Il est vrai que celui-ci lui avait à peu près sauvé la vie pendant la guerre. Ils faisaient partie du même bataillon de francs-tireurs et, dans l’effroyable sauve-qui-peut de la retraite du Mans, le chétif Leverdier, épuisé de fatigue et tordu par le froid, serait peut-être mort sur la neige, au milieu de l’indifférence universelle, si son compagnon, doué d’une vigueur extraordinaire, ne l’eût porté dans ses bras pendant plus de deux lieues et n’eût enfin réussi, par supplications et menaces, à le faire admettre dans une charrette quelconque dont il faillit égorger le conducteur.

Aussi, Leverdier ne pouvait s’absoudre de n’être pas millionnaire. Volontiers, il s’accusait de sa pauvreté comme d’une trahison.

— Je déteste l’argent pour lui-même, disait-il, mais je devrais être un sac d’écus sous la main de Marchenoir. J’aurais ainsi une excuse plausible d’encombrer sa voie.

Et cependant, il n’était guère assuré d’un futur triomphe ! Sa pensée, fort enflammée quand elle se fixait sur son ami, redevenait singulièrement lucide et froide quand il l’abaissait sur le public contemporain.
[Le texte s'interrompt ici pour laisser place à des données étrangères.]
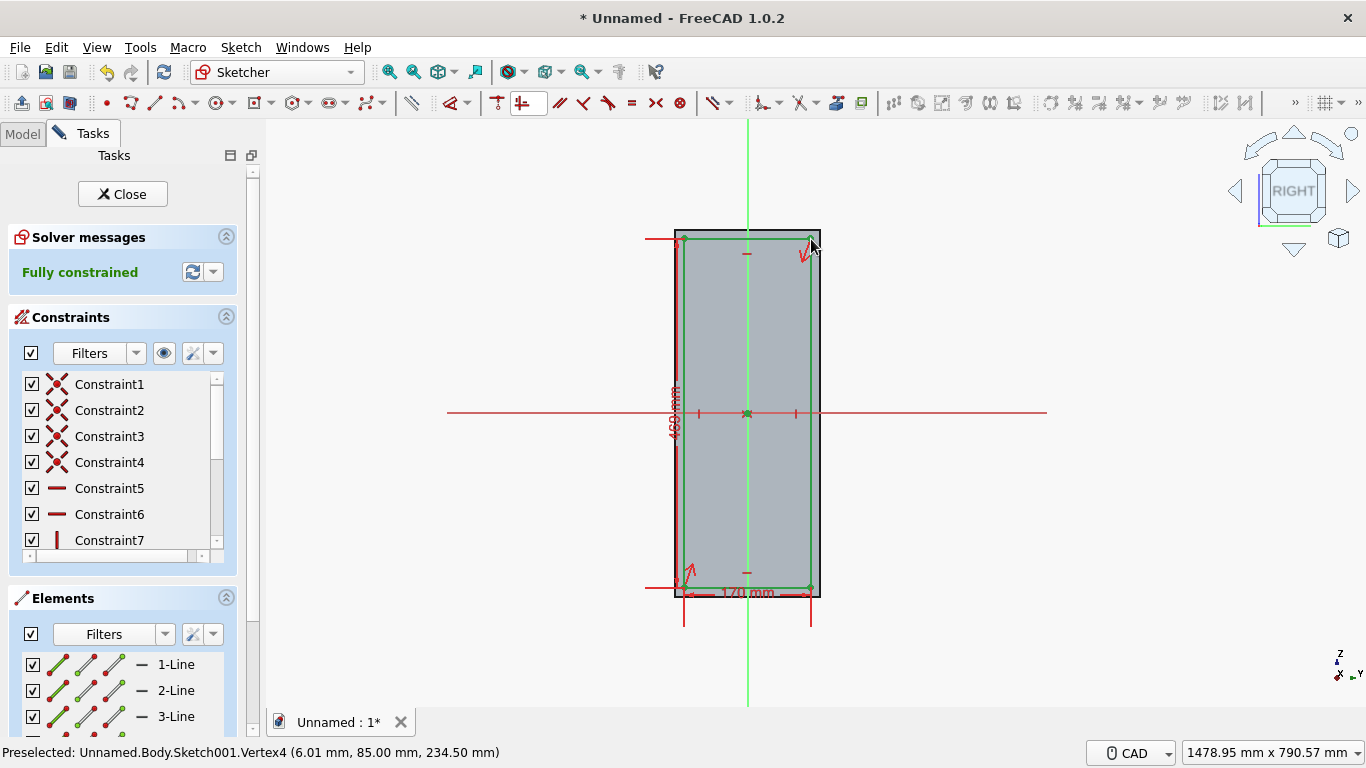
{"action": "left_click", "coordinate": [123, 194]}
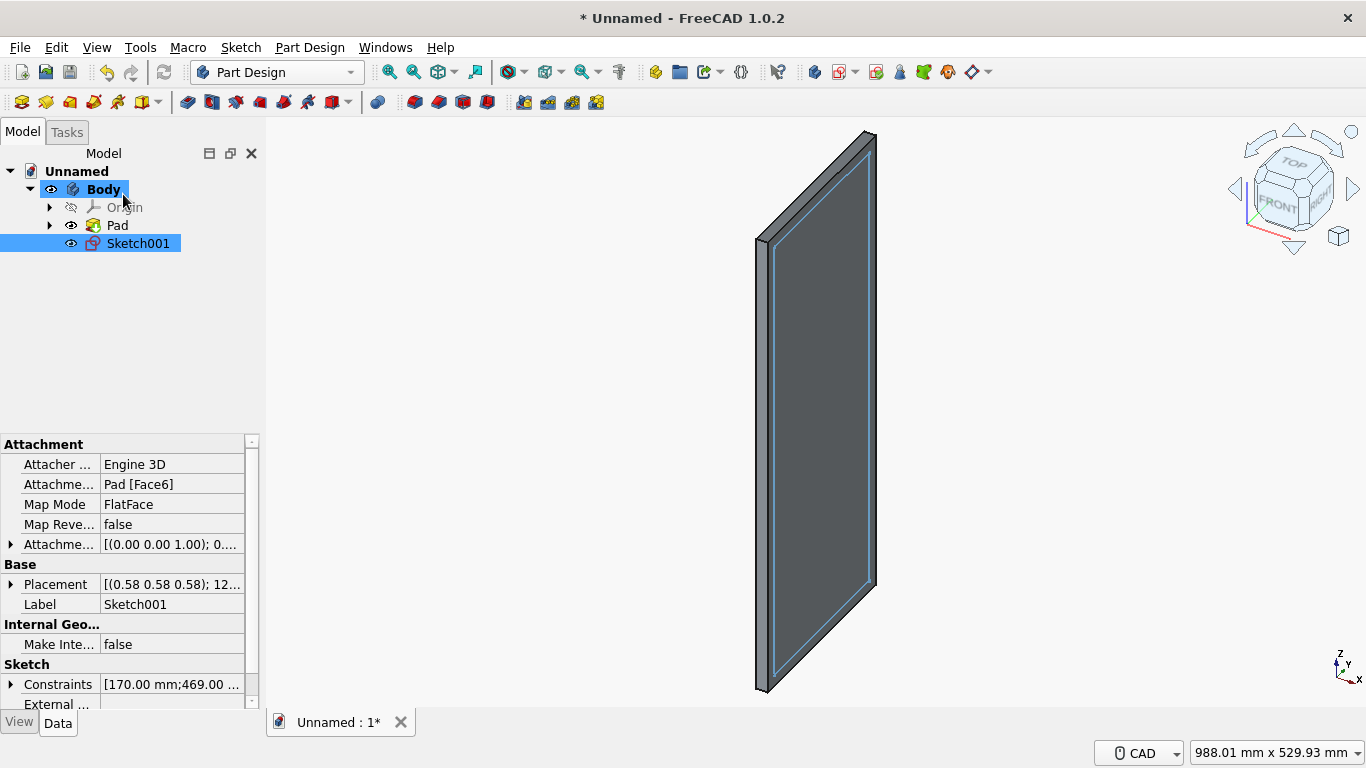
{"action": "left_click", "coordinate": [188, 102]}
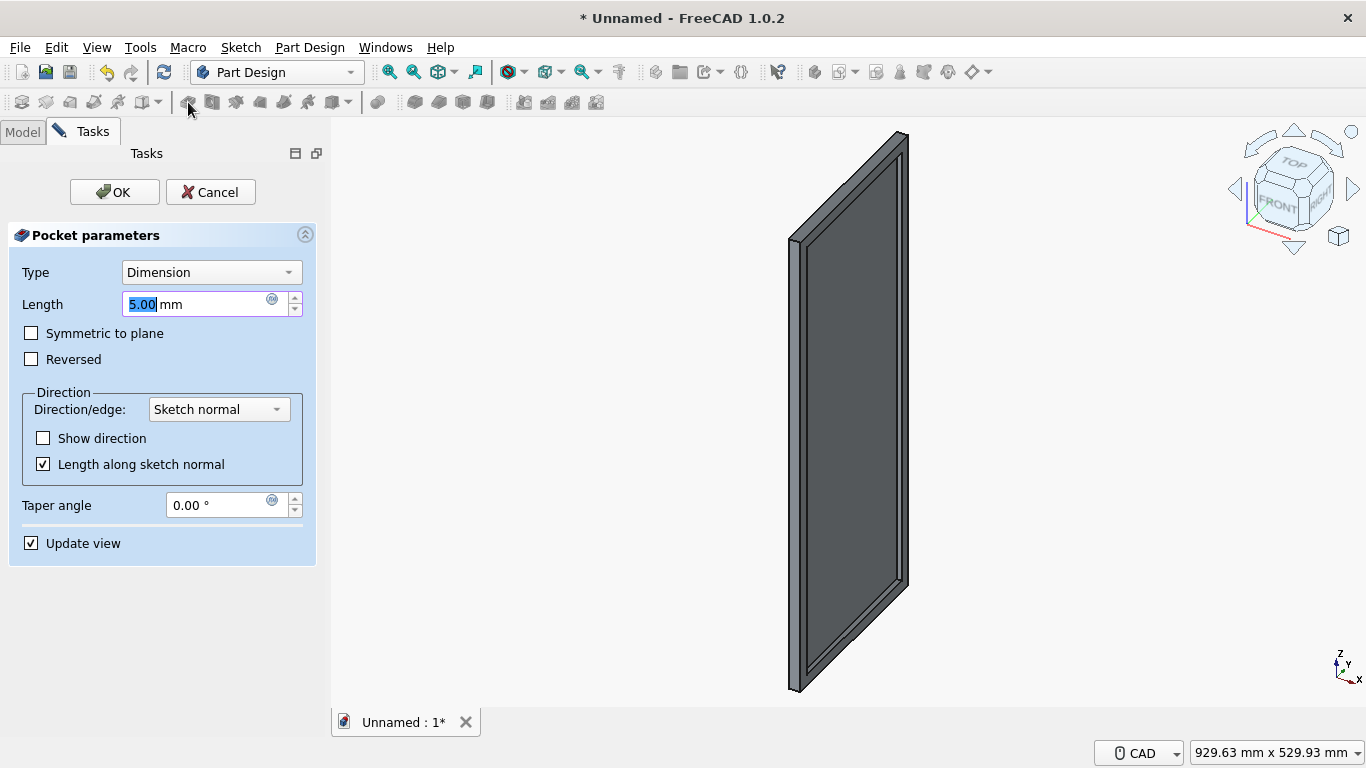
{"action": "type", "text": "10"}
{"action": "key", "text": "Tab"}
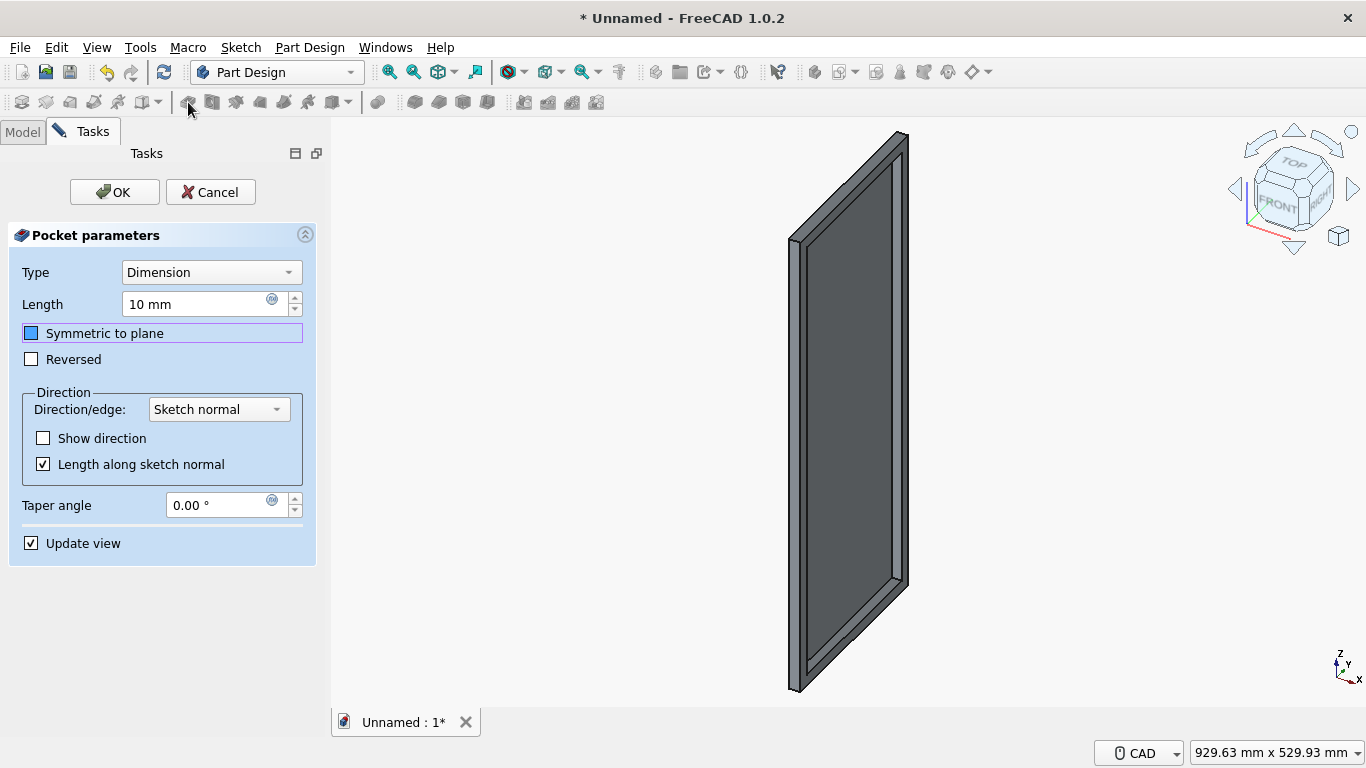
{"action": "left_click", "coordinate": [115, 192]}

L’espérance d’un avenir moins sombre était chez lui en raison inverse de la hauteur de génie qu’il supposait et ce calcul n’allait pas sans déchirement.

Marchenoir, son aîné de quelques mois, venait d’entrer dans sa quarante et unième année, il avait publié déjà deux livres jugés de premier ordre et la gloire aux mains pleines d’or ne venait pas. Elle se prostituait dans les pissotières du journalisme.

Leverdier avait fait des démarches inouïes auprès des directeurs et rédacteurs en chef, qui se refusèrent toujours au lancement d’un écrivain dont l’indépendance révoltait leur abjection. Celui-ci, d’ailleurs, ne leur avait jamais caché son absolu dégoût. Littéralement, il les déféquait. Il laissait agir son fidèle esclave pour qu’on ne lui reprochât pas de refuser absolument de s’aider lui-même, mais il se serait fait couper tous les membres avec des cisailles de tondeur de jument et scier entre deux planches à bouteilles longtemps savonnées, par un maniaque centenaire ivre depuis trois jours, avant de consentir à une démarche personnelle en vue de recueillir, de leurs nidoreuses mains, un quartier de cette charogne archi-putréfiée dont ils sont les souteneurs et qu’ils vendent pour de la vraie gloire !

On ne pouvait raisonnablement pronostiquer un succès beaucoup plus éclatant à la nouvelle œuvre qui se préparait. Marchenoir allait toujours s’exaspérant dans sa forme déchaînée, qui rappelait l’invective surhumaine des sacrés Prophètes. Il se faisait de plus en plus torrentiel et rompeur de digues.

Leverdier qui l’admirait précisément à cause de cela, ne pouvait, cependant, se dissimuler qu’on allait ainsi à d’inévitables catastrophes. Il avait fini par en prendre son parti et s’était fait le résigné pilote de la tempête et du désespoir.